DIRECTIONS: Set the data down again, exactly as it reads, but without the pictures.

GIVEN DATA:
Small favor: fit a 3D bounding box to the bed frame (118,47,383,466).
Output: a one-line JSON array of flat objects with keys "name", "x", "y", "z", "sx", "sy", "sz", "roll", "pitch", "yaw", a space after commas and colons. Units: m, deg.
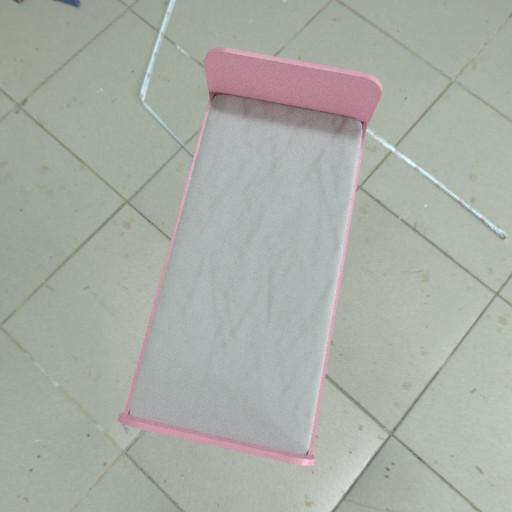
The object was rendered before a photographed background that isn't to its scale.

RESULT OF THE EXERCISE:
Small favor: fit a 3D bounding box to the bed frame (118,47,383,466).
Output: a one-line JSON array of flat objects with keys "name", "x", "y", "z", "sx", "sy", "sz", "roll", "pitch", "yaw", a space after commas and colons. Units: m, deg.
The object was rendered before a photographed background that isn't to its scale.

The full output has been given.